§ EXERCISE DETAILS
Among the entries below, find the line with "Image width covers 76.5°." and the line with "#2 brussels sprout [0,291,21,365]". Return exactly those lines and every line between them, but no pictures.
··· DATA ···
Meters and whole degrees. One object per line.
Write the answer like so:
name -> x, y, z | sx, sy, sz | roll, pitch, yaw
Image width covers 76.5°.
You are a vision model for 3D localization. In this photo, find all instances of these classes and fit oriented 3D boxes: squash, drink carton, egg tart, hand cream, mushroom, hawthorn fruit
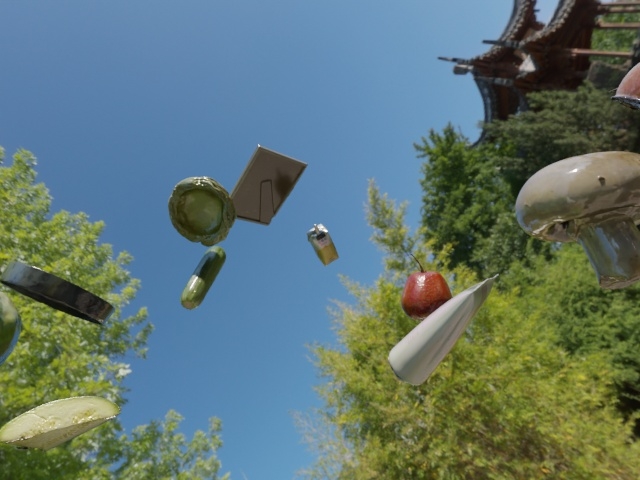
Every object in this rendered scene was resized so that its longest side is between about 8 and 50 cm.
squash -> -0.314, 0.094, 1.107 | 0.228, 0.066, 0.066 | -76, -19, -51
drink carton -> 0.000, 0.000, 1.483 | 0.084, 0.074, 0.199 | -29, -49, -6
egg tart -> -0.309, -0.084, 1.084 | 0.078, 0.197, 0.197 | -59, -21, -70
squash -> -0.734, 0.499, 1.163 | 0.252, 0.093, 0.169 | -26, -36, 0
hand cream -> 0.317, 0.227, 1.041 | 0.186, 0.118, 0.358 | -6, -43, -51
mushroom -> 0.594, -0.037, 0.890 | 0.293, 0.293, 0.289 | 22, -122, -53
hawthorn fruit -> 0.329, 0.149, 1.263 | 0.163, 0.163, 0.203 | 23, -114, -53

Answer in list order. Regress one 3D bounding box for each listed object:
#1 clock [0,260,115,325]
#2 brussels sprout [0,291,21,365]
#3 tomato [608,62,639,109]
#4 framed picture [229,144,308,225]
clock -> -0.533, 0.114, 0.829 | 0.215, 0.215, 0.041 | 54, -132, -49
brussels sprout -> -0.481, 0.132, 0.526 | 0.180, 0.144, 0.161 | -88, 9, -55
tomato -> 0.466, -0.196, 0.446 | 0.214, 0.180, 0.155 | 0, -57, -37
framed picture -> -0.197, -0.181, 1.426 | 0.211, 0.020, 0.289 | 13, -57, -41
···
§ RESULT FOR THIS EXERCISE
Image width covers 76.5°.
You are a vision model for 3D localization. In this photo, find all instances of these classes and fit oriented 3D boxes: squash, drink carton, egg tart, hand cream, mushroom, hawthorn fruit
Every object in this rendered scene was resized so that its longest side is between about 8 and 50 cm.
squash -> -0.314, 0.094, 1.107 | 0.228, 0.066, 0.066 | -76, -19, -51
drink carton -> 0.000, 0.000, 1.483 | 0.084, 0.074, 0.199 | -29, -49, -6
egg tart -> -0.309, -0.084, 1.084 | 0.078, 0.197, 0.197 | -59, -21, -70
squash -> -0.734, 0.499, 1.163 | 0.252, 0.093, 0.169 | -26, -36, 0
hand cream -> 0.317, 0.227, 1.041 | 0.186, 0.118, 0.358 | -6, -43, -51
mushroom -> 0.594, -0.037, 0.890 | 0.293, 0.293, 0.289 | 22, -122, -53
hawthorn fruit -> 0.329, 0.149, 1.263 | 0.163, 0.163, 0.203 | 23, -114, -53

Answer in list order. Regress one 3D bounding box for each listed object:
#1 clock [0,260,115,325]
#2 brussels sprout [0,291,21,365]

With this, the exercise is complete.